Merge pull request #238 from SHSauler/patch-3

Added download_samples(..., unzip=True)
MISP · Jun 12, 2018 · 484438f · 484438f
2 parents 3ea729c + 26fa044
commit 484438f
Showing 1 changed file with 16 additions and 14 deletions.
diff --git a/pymisp/api.py b/pymisp/api.py
@@ -1194,7 +1194,7 @@ def get_yara(self, event_id):
         rules = '\n\n'.join([a['value'] for a in result['response']['Attribute']])
         return True, rules
 
-    def download_samples(self, sample_hash=None, event_id=None, all_samples=False):
+    def download_samples(self, sample_hash=None, event_id=None, all_samples=False, unzip=True):
         """Download samples, by hash or event ID. If there are multiple samples in one event, use the all_samples switch"""
         url = urljoin(self.root_url, 'attributes/downloadSample')
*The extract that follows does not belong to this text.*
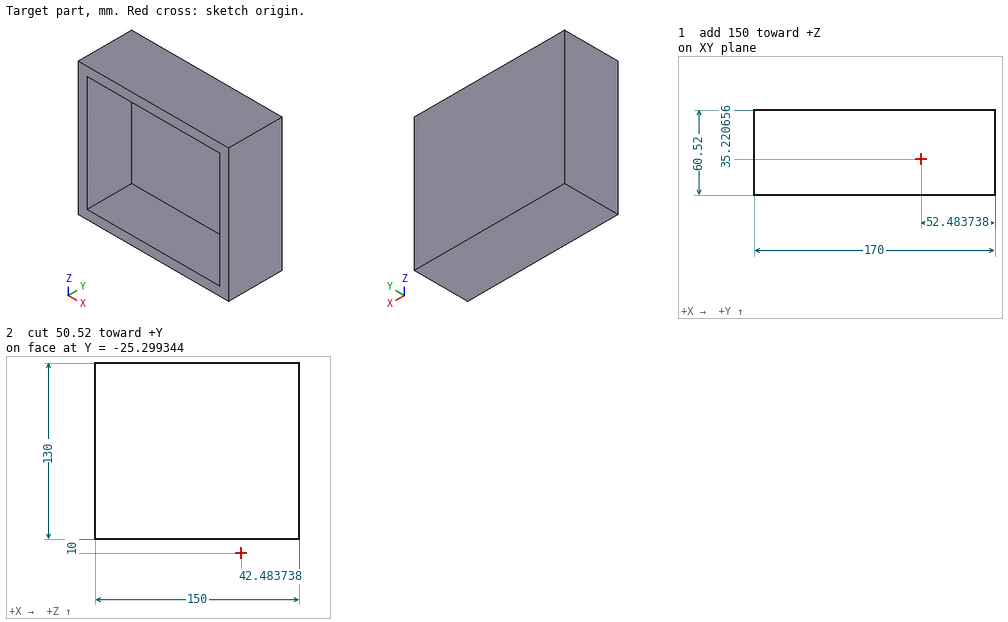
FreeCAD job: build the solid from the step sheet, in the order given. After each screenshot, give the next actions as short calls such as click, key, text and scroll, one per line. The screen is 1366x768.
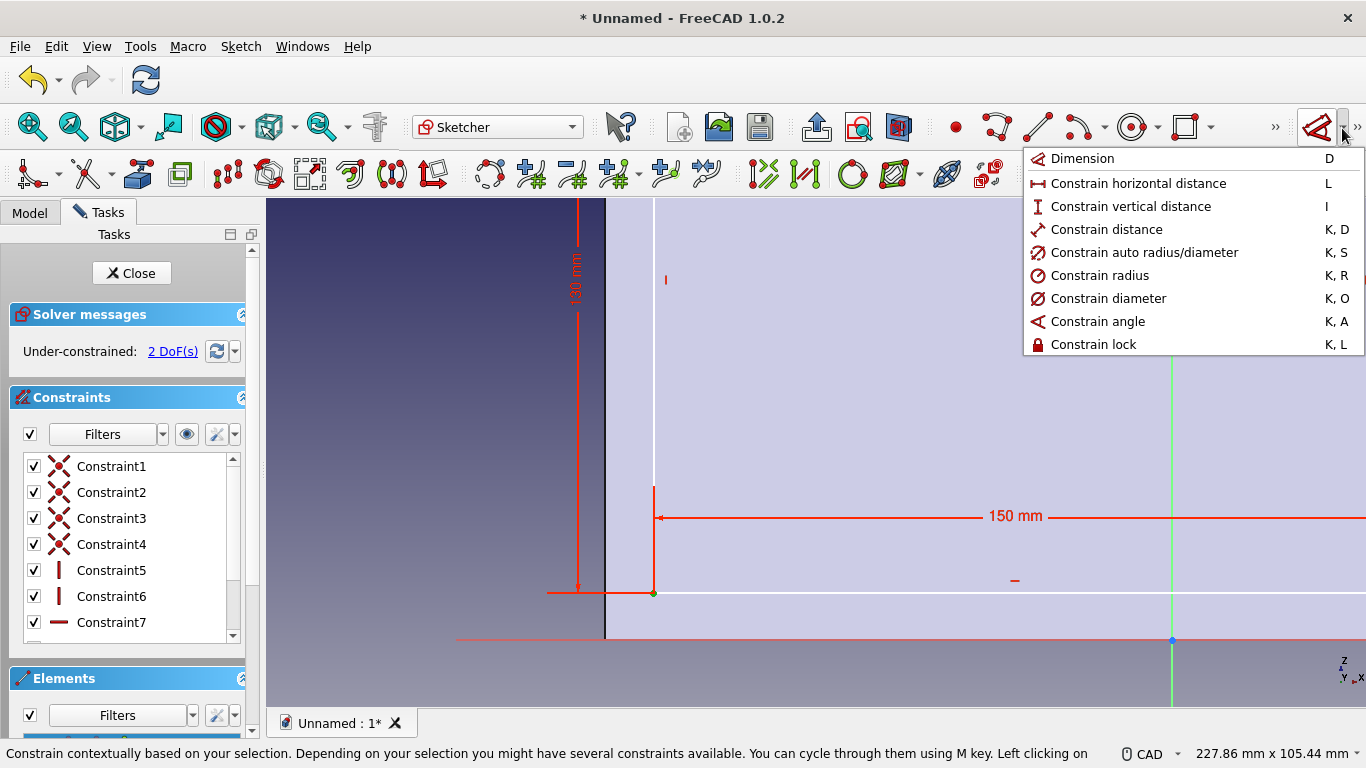
click(1194, 206)

         to_post = {'request': {'hash': sample_hash, 'eventID': event_id, 'allSamples': all_samples}}
@@ -1208,19 +1208,21 @@ def download_samples(self, sample_hash=None, event_id=None, all_samples=False):
         for f in result['result']:
             decoded = base64.b64decode(f['base64'])
             zipped = BytesIO(decoded)
-            try:
-                archive = zipfile.ZipFile(zipped)
-                if f.get('md5') and f['md5'] in archive.namelist():
-                    # New format
-                    unzipped = BytesIO(archive.open(f['md5'], pwd=b'infected').read())
-                else:
-                    # Old format
-                    unzipped = BytesIO(archive.open(f['filename'], pwd=b'infected').read())
-                details.append([f['event_id'], f['filename'], unzipped])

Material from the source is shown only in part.